Task input Block Start

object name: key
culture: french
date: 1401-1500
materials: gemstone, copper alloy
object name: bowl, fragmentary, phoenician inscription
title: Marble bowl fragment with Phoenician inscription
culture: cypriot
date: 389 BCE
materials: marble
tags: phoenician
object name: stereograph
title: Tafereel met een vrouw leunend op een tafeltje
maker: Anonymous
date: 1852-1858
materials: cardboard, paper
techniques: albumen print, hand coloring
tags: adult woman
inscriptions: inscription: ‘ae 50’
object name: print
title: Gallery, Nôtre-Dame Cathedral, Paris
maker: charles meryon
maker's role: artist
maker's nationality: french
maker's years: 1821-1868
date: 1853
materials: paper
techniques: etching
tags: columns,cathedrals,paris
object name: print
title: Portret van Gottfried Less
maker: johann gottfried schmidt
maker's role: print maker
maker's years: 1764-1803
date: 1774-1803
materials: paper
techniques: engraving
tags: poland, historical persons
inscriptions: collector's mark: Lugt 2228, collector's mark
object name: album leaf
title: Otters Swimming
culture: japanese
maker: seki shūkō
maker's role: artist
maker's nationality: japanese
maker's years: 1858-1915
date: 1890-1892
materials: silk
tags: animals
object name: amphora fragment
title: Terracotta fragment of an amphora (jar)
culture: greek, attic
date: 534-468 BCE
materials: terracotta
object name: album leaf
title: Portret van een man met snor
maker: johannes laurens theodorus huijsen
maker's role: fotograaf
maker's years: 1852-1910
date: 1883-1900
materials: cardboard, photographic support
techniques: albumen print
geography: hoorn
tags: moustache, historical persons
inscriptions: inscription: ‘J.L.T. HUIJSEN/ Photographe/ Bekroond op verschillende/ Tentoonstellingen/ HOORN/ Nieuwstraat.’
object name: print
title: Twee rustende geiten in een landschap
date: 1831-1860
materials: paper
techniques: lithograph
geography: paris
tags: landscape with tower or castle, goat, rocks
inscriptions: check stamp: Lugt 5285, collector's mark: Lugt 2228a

Task input Block End

▶ _Work to complete_
The data given before this task must be transcribed exactly and in full.

▶ _Solution for this problem_
object name: key
culture: french
date: 1401-1500
materials: gemstone, copper alloy
object name: bowl, fragmentary, phoenician inscription
title: Marble bowl fragment with Phoenician inscription
culture: cypriot
date: 389 BCE
materials: marble
tags: phoenician
object name: stereograph
title: Tafereel met een vrouw leunend op een tafeltje
maker: Anonymous
date: 1852-1858
materials: cardboard, paper
techniques: albumen print, hand coloring
tags: adult woman
inscriptions: inscription: ‘ae 50’
object name: print
title: Gallery, Nôtre-Dame Cathedral, Paris
maker: charles meryon
maker's role: artist
maker's nationality: french
maker's years: 1821-1868
date: 1853
materials: paper
techniques: etching
tags: columns,cathedrals,paris
object name: print
title: Portret van Gottfried Less
maker: johann gottfried schmidt
maker's role: print maker
maker's years: 1764-1803
date: 1774-1803
materials: paper
techniques: engraving
tags: poland, historical persons
inscriptions: collector's mark: Lugt 2228, collector's mark
object name: album leaf
title: Otters Swimming
culture: japanese
maker: seki shūkō
maker's role: artist
maker's nationality: japanese
maker's years: 1858-1915
date: 1890-1892
materials: silk
tags: animals
object name: amphora fragment
title: Terracotta fragment of an amphora (jar)
culture: greek, attic
date: 534-468 BCE
materials: terracotta
object name: album leaf
title: Portret van een man met snor
maker: johannes laurens theodorus huijsen
maker's role: fotograaf
maker's years: 1852-1910
date: 1883-1900
materials: cardboard, photographic support
techniques: albumen print
geography: hoorn
tags: moustache, historical persons
inscriptions: inscription: ‘J.L.T. HUIJSEN/ Photographe/ Bekroond op verschillende/ Tentoonstellingen/ HOORN/ Nieuwstraat.’
object name: print
title: Twee rustende geiten in een landschap
date: 1831-1860
materials: paper
techniques: lithograph
geography: paris
tags: landscape with tower or castle, goat, rocks
inscriptions: check stamp: Lugt 5285, collector's mark: Lugt 2228a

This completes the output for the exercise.